= Ratio Club =

Early cybernetics circle

The Ratio Club was a small British informal dining club from 1949 to 1958 of young psychiatrists, psychologists, physiologists, mathematicians and engineers who met to discuss issues in cybernetics.

==History==
The idea of the club arose from a symposium on animal behaviour held in July 1949 by the Society of Experimental Biology in Cambridge. The club was founded by the neurologist John Bates, with other notable members such as W. Ross Ashby.

The name Ratio was suggested by Albert Uttley, it being the Latin root meaning "computation or the faculty of mind which calculates, plans and reasons". He pointed out that it is also the root of rationarium, meaning a statistical account, and ratiocinatius, meaning argumentative. The use was probably inspired by an earlier suggestion by Donald Mackay of the 'MR club', from Machina ratiocinatrix, a term used by Norbert Wiener in the introduction to his then recently published book Cybernetics, or Control and Communication in the Animal and the Machine. Wiener used the term in reference to calculus ratiocinator, a calculating machine constructed by Leibniz.

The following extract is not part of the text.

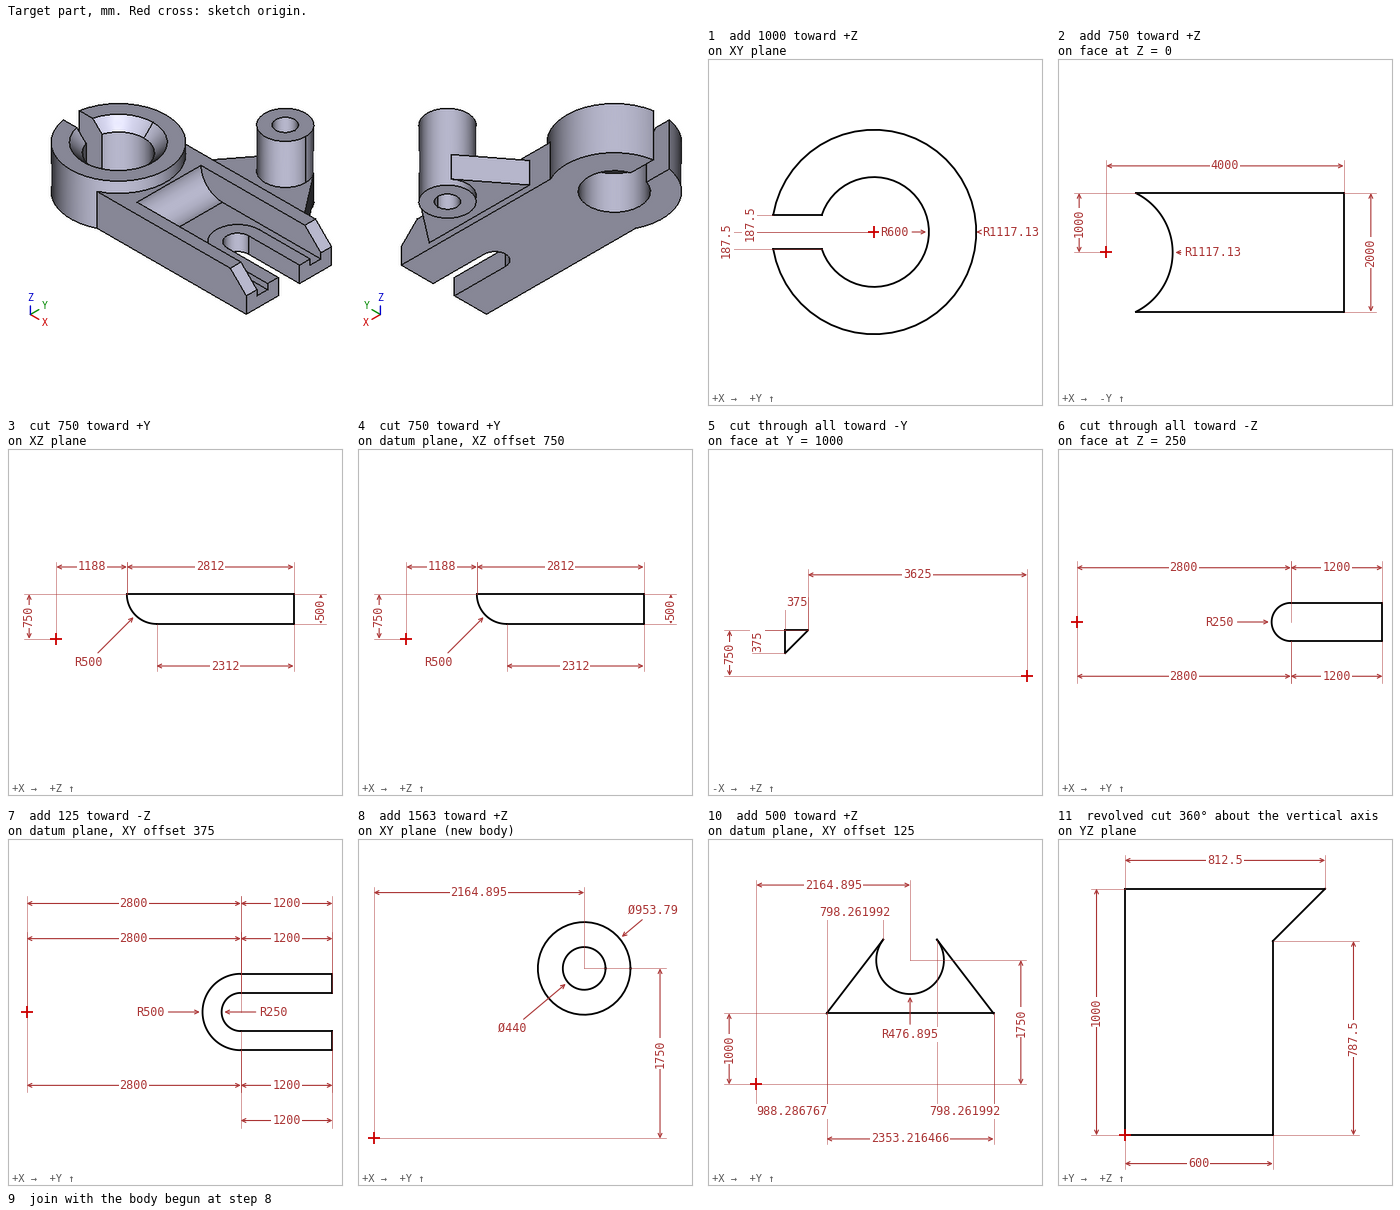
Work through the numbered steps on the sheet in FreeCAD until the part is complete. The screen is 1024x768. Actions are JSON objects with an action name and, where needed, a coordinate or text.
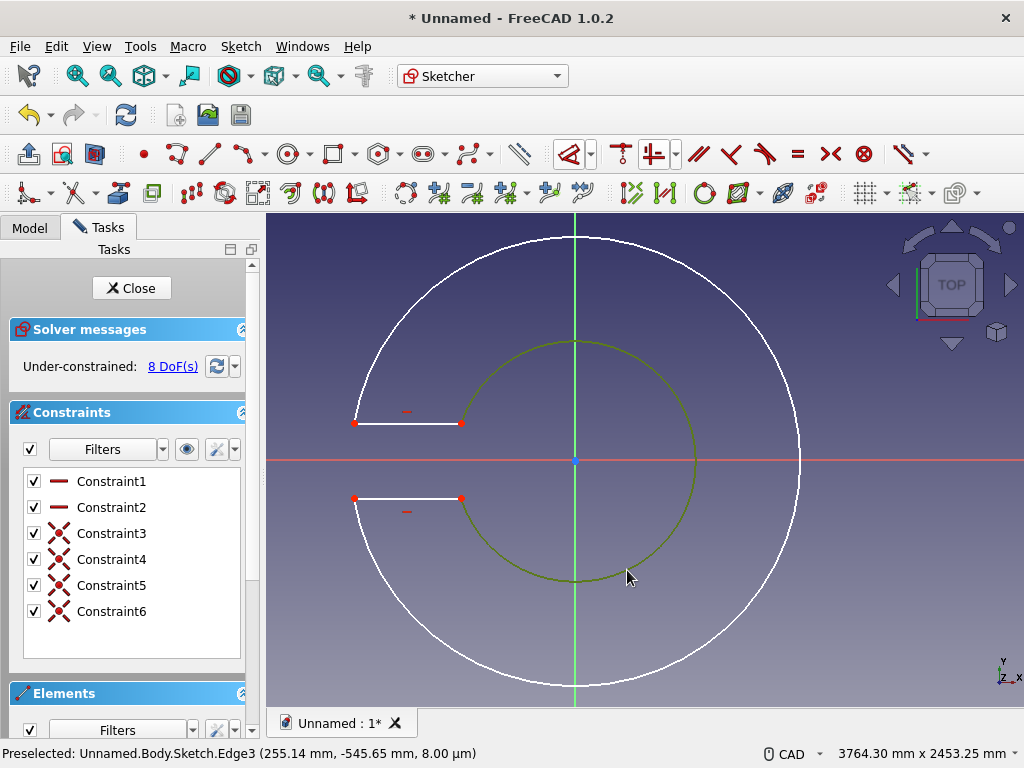
{"action": "left_click", "coordinate": [659, 670]}

The initial membership was W. Ross Ashby, Horace Barlow, John Bates, George Dawson, Thomas Gold, W. E. Hick, Victor Little, Donald MacKay, Turner McLardy, P. A. Merton, John Pringle, Harold Shipton, Donald Sholl, Eliot Slater, Albert Uttley, W. Grey Walter and John Hugh Westcott. Alan Turing joined after the first meeting with I. J. Good, Philip Woodward and William Rushton added soon after.

Giles Brindley attended several meetings as a guest. Warren McCulloch made presentations to the club twice, the first time at its inaugural meeting (a talk which the members found disappointing), and became a correspondent with and supporter of a number of its members. Others who attended at least one Ratio Club event as guests included Walter Pitts, Claude Shannon, J.Z. Young, C.H. Waddington, Peter Elias, J. C. R. Licklider, Oliver Selfridge, Benoît Mandelbrot, Colin Cherry and Anthony Oettinger. One one occasion I.J. Good brought along the then director of the USA's National Security Agency (presumably either Ralph Canine or John Samford given the dates).

Several members admired the work of psychologist and philosopher Kenneth Craik and considered him an important influence; according to Husbands and Holland "there is no doubt Craik would have been a leading member of the club" had he not died young in 1945.

The club has been considered the most influential cybernetics group in the UK, and many of its members went on to become prominent scientists.